# The problem
When you return the lines below, go from the first through the line with "doc.units = 0", keep them exact, and leave out every picture.

# Listed entries
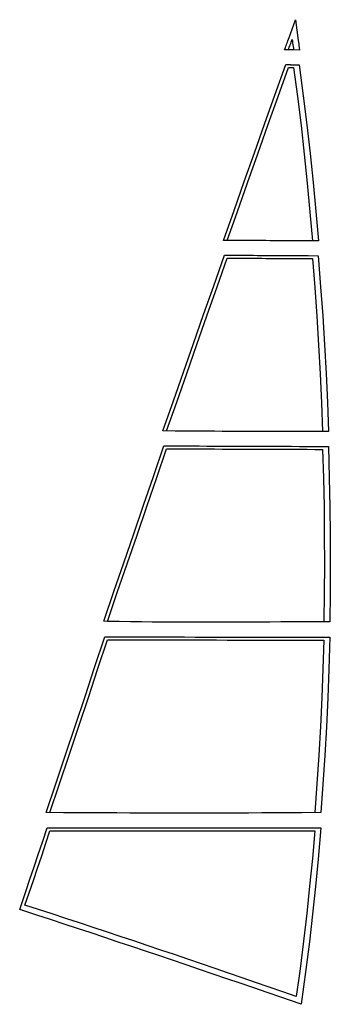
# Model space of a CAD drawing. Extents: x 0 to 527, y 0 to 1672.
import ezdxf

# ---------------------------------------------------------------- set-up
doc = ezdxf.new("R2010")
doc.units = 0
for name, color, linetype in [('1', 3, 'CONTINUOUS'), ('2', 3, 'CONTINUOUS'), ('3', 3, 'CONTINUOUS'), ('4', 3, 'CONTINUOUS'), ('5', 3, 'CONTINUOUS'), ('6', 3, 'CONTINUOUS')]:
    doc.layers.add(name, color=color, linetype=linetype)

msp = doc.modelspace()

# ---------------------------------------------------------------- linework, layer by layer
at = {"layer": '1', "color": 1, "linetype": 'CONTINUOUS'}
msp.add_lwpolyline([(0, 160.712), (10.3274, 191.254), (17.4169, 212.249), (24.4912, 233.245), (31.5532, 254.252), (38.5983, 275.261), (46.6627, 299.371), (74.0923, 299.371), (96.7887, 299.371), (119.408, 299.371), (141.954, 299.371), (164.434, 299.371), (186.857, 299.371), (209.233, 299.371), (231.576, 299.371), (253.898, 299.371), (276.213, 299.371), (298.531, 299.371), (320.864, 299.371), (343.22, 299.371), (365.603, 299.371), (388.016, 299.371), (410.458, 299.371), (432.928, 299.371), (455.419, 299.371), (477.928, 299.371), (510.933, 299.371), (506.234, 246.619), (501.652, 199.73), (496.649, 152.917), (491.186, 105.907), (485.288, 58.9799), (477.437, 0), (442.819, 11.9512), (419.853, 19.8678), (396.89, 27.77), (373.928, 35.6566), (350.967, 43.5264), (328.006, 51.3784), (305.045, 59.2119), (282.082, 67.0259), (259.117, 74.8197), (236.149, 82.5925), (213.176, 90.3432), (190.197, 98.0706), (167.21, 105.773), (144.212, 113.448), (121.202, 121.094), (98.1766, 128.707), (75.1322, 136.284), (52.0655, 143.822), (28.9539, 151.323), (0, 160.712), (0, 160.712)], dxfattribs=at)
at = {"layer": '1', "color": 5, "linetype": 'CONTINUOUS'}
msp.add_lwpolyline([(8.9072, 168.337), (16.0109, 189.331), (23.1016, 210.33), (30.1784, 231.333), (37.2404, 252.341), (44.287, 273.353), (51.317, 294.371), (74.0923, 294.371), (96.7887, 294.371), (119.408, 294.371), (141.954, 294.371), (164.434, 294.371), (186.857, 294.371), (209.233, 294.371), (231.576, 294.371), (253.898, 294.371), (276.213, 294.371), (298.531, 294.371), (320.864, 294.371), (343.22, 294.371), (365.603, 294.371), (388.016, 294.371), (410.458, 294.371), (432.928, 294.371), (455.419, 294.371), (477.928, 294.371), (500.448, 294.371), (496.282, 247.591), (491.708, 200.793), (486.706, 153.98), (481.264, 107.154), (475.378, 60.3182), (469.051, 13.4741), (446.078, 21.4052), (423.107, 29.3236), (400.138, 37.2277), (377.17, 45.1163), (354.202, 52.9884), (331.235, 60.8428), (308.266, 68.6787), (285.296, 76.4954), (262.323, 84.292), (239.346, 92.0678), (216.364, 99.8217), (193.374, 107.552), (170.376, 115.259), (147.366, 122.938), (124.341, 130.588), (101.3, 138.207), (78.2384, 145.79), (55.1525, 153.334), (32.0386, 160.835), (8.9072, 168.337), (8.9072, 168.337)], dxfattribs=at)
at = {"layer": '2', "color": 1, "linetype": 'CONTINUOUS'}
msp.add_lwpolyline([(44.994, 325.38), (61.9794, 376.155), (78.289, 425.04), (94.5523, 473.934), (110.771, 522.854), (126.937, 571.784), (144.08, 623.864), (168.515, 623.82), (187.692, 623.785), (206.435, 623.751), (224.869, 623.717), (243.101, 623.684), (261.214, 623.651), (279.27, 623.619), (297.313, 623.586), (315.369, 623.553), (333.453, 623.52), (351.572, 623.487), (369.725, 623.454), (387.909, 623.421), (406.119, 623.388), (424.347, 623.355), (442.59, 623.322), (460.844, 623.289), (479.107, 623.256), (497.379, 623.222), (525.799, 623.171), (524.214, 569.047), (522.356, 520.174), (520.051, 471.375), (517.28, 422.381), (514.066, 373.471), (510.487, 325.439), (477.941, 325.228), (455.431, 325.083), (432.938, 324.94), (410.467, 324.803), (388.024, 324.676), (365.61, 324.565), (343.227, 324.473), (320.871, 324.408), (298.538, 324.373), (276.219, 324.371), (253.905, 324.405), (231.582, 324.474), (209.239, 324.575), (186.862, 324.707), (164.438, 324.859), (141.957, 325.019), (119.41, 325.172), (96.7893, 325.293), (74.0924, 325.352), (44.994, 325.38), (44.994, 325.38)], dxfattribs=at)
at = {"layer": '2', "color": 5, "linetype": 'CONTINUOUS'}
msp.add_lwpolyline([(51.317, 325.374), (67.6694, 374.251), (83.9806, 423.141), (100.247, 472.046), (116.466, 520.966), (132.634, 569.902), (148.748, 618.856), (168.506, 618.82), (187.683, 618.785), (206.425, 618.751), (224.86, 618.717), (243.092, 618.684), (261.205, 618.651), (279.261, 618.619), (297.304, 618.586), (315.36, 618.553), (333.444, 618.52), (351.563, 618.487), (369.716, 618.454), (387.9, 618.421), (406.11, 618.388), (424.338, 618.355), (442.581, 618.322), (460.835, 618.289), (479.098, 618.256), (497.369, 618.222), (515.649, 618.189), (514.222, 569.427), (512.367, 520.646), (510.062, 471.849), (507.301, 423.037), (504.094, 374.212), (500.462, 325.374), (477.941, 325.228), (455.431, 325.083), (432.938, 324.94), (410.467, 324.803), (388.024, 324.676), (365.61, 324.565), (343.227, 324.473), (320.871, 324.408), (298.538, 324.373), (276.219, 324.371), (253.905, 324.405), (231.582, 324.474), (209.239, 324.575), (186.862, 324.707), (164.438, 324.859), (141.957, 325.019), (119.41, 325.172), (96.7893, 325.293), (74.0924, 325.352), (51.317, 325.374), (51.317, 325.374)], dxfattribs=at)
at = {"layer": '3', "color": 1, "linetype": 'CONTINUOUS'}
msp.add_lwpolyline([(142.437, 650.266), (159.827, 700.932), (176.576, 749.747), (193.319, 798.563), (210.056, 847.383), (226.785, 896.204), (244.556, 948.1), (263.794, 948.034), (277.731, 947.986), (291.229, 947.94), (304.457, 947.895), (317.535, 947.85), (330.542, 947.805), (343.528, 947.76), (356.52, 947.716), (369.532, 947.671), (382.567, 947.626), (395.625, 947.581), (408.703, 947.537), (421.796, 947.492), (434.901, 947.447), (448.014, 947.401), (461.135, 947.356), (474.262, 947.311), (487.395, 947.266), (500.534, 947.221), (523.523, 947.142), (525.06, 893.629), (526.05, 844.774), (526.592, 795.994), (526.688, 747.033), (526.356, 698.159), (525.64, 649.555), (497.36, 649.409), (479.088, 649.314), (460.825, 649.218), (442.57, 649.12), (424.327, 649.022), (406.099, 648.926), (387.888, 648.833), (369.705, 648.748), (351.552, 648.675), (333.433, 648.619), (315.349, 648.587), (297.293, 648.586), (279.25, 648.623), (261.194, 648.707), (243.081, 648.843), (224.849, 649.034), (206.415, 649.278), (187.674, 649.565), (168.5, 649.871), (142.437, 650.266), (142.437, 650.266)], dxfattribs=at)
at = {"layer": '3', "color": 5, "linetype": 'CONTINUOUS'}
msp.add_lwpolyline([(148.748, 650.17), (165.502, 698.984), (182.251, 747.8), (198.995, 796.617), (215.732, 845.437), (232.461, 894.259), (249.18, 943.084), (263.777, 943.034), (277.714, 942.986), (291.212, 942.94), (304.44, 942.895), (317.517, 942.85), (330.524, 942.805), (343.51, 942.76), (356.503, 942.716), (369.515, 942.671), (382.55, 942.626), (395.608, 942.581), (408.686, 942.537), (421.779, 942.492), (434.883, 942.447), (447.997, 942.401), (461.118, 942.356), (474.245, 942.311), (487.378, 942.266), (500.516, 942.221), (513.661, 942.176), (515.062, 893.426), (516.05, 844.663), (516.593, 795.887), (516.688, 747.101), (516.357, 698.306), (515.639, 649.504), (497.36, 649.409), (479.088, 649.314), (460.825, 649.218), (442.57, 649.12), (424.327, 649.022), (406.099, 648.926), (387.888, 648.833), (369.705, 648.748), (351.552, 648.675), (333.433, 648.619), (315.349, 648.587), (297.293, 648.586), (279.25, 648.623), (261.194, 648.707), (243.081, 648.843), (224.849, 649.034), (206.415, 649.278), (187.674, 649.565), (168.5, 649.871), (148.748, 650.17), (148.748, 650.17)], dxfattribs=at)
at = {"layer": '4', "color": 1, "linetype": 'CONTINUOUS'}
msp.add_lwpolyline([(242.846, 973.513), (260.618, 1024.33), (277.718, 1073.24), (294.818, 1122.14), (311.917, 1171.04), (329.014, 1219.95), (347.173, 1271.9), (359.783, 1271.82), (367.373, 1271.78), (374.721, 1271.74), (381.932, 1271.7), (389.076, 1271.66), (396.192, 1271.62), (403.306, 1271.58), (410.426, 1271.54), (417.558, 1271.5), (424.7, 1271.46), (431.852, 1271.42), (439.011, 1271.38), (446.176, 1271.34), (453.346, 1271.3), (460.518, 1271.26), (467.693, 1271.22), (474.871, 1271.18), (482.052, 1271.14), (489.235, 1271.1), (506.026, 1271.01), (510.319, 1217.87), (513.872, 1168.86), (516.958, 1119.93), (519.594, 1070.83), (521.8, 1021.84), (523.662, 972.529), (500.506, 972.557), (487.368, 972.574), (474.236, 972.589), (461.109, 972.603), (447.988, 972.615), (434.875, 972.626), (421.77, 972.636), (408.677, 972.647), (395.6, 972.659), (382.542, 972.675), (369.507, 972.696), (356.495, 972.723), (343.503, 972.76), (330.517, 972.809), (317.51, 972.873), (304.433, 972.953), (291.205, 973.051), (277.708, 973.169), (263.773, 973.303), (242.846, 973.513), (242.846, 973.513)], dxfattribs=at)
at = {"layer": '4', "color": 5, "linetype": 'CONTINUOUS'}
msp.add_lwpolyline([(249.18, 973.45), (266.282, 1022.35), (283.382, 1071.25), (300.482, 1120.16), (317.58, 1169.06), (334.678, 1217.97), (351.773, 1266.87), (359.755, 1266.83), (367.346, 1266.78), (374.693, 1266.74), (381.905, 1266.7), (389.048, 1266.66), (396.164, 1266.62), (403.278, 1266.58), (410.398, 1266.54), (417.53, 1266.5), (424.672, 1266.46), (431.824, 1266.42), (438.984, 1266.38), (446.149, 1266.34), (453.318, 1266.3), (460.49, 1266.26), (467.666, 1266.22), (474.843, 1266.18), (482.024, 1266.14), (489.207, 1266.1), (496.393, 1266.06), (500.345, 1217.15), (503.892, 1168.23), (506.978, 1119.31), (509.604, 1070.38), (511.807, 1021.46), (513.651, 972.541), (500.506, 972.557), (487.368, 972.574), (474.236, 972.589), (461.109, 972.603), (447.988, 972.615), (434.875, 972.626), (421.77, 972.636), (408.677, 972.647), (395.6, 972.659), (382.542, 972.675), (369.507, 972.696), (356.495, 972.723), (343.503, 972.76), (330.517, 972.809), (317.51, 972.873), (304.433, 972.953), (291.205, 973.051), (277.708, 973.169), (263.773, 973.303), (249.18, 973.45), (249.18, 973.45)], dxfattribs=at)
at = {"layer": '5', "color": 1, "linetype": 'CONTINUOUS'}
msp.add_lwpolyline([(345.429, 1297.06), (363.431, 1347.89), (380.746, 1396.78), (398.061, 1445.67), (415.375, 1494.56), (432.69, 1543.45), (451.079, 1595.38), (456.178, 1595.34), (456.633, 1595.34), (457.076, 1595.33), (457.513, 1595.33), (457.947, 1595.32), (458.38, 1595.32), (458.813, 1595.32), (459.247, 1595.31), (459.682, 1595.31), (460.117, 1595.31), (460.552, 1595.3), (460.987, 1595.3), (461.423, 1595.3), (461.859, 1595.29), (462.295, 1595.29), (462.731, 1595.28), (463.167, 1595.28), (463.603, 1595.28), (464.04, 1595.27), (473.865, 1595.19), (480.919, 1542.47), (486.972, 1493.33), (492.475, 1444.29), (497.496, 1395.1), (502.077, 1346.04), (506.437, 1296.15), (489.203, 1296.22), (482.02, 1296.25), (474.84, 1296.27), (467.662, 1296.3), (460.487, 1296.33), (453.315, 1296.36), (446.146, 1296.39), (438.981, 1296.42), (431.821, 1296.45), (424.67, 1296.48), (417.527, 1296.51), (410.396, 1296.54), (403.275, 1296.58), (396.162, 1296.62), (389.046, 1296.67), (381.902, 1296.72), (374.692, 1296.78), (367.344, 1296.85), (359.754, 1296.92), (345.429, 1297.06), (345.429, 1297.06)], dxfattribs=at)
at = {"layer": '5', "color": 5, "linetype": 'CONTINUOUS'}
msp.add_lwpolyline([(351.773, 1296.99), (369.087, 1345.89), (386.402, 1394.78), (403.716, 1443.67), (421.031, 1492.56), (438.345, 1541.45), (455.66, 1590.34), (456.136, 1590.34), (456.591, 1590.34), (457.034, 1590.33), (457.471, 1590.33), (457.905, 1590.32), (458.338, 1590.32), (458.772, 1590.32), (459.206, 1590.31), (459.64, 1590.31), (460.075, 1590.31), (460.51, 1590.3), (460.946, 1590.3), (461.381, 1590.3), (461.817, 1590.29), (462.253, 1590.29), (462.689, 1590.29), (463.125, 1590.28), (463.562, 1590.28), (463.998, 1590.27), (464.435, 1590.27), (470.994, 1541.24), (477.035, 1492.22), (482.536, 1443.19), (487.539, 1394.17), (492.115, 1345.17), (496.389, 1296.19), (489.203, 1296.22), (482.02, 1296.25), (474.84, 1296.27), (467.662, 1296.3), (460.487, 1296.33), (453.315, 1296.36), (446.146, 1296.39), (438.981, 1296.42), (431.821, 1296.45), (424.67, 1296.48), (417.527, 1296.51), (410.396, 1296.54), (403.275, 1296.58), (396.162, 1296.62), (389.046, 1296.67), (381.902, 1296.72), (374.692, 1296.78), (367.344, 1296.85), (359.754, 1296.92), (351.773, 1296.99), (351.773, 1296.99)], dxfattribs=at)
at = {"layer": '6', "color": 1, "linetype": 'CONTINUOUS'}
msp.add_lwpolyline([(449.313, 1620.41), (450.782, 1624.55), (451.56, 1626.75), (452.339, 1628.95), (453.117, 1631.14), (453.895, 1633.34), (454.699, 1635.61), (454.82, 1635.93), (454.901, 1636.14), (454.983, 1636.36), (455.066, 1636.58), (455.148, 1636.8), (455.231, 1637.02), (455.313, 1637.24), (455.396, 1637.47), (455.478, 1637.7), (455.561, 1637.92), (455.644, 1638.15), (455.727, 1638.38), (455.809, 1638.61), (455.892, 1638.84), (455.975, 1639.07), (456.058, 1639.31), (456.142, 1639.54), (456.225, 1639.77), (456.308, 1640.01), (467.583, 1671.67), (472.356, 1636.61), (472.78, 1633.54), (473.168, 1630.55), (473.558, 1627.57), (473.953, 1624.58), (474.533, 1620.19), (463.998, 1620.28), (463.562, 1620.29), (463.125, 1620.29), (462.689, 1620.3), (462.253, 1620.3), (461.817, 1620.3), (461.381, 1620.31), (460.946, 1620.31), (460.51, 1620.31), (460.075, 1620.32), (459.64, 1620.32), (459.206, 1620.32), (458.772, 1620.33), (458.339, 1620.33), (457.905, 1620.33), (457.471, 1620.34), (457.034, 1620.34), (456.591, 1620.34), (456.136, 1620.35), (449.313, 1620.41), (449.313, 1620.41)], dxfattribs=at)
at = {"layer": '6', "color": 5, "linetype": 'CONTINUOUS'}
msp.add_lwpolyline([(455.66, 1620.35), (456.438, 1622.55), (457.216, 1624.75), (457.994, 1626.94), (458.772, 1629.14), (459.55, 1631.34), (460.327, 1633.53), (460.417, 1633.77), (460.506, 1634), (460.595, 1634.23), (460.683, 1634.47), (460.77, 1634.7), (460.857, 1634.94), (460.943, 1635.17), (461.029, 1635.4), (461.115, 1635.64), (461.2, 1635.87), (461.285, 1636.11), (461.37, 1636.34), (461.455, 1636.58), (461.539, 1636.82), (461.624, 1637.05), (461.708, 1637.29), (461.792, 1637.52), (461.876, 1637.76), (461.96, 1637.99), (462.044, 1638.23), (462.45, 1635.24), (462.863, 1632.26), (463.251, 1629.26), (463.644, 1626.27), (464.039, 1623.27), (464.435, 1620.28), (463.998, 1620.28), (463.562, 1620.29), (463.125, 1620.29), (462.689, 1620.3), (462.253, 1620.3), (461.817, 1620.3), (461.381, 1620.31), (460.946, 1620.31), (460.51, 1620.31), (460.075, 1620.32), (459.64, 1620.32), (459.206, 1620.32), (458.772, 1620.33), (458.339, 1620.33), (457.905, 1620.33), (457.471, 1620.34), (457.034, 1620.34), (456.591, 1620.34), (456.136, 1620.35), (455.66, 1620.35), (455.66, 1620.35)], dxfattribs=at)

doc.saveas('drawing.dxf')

# Answer to the exercise
# Model space of a CAD drawing. Extents: x 0 to 527, y 0 to 1672.
import ezdxf

# ---------------------------------------------------------------- set-up
doc = ezdxf.new("R2010")
doc.units = 0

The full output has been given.